Retype each line below precisely.
- - - - - - -
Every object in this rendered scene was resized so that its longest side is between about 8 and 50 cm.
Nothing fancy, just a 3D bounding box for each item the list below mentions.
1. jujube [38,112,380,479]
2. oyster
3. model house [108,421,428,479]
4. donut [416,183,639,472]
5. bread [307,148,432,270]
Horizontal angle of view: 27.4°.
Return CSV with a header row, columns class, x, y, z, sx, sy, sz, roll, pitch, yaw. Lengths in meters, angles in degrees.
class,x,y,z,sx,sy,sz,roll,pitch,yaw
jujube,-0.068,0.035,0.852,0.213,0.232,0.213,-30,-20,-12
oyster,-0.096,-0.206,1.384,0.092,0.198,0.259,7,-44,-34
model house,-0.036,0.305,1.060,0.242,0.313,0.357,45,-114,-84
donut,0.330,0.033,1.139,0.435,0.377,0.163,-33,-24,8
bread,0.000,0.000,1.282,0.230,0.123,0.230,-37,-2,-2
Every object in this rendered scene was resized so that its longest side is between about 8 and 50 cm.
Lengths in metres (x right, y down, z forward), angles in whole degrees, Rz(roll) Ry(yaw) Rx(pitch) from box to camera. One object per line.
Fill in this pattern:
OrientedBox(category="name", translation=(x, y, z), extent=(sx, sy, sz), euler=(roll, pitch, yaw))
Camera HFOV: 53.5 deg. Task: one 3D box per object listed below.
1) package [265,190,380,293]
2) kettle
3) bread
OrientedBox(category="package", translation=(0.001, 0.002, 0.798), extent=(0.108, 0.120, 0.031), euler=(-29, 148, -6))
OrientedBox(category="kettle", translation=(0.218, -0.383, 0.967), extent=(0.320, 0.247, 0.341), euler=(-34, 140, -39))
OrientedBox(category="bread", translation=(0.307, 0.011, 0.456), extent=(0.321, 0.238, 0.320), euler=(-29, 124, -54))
- - - - - - -
### ANSWER SPACE
Every object in this rendered scene was resized so that its longest side is between about 8 and 50 cm.
Nothing fancy, just a 3D bounding box for each item the list below mentions.
1. jujube [38,112,380,479]
2. oyster
3. model house [108,421,428,479]
4. donut [416,183,639,472]
5. bread [307,148,432,270]
Horizontal angle of view: 27.4°.
Return CSV with a header row, columns class, x, y, z, sx, sy, sz, roll, pitch, yaw. Lengths in meters, angles in degrees.
class,x,y,z,sx,sy,sz,roll,pitch,yaw
jujube,-0.068,0.035,0.852,0.213,0.232,0.213,-30,-20,-12
oyster,-0.096,-0.206,1.384,0.092,0.198,0.259,7,-44,-34
model house,-0.036,0.305,1.060,0.242,0.313,0.357,45,-114,-84
donut,0.330,0.033,1.139,0.435,0.377,0.163,-33,-24,8
bread,0.000,0.000,1.282,0.230,0.123,0.230,-37,-2,-2
Every object in this rendered scene was resized so that its longest side is between about 8 and 50 cm.
Lengths in metres (x right, y down, z forward), angles in whole degrees, Rz(roll) Ry(yaw) Rx(pitch) from box to camera. One object per line.
Fill in this pattern:
OrientedBox(category="name", translation=(x, y, z), extent=(sx, sy, sz), euler=(roll, pitch, yaw))
Camera HFOV: 53.5 deg. Task: one 3D box per object listed below.
1) package [265,190,380,293]
2) kettle
3) bread
OrientedBox(category="package", translation=(0.001, 0.002, 0.798), extent=(0.108, 0.120, 0.031), euler=(-29, 148, -6))
OrientedBox(category="kettle", translation=(0.218, -0.383, 0.967), extent=(0.320, 0.247, 0.341), euler=(-34, 140, -39))
OrientedBox(category="bread", translation=(0.307, 0.011, 0.456), extent=(0.321, 0.238, 0.320), euler=(-29, 124, -54))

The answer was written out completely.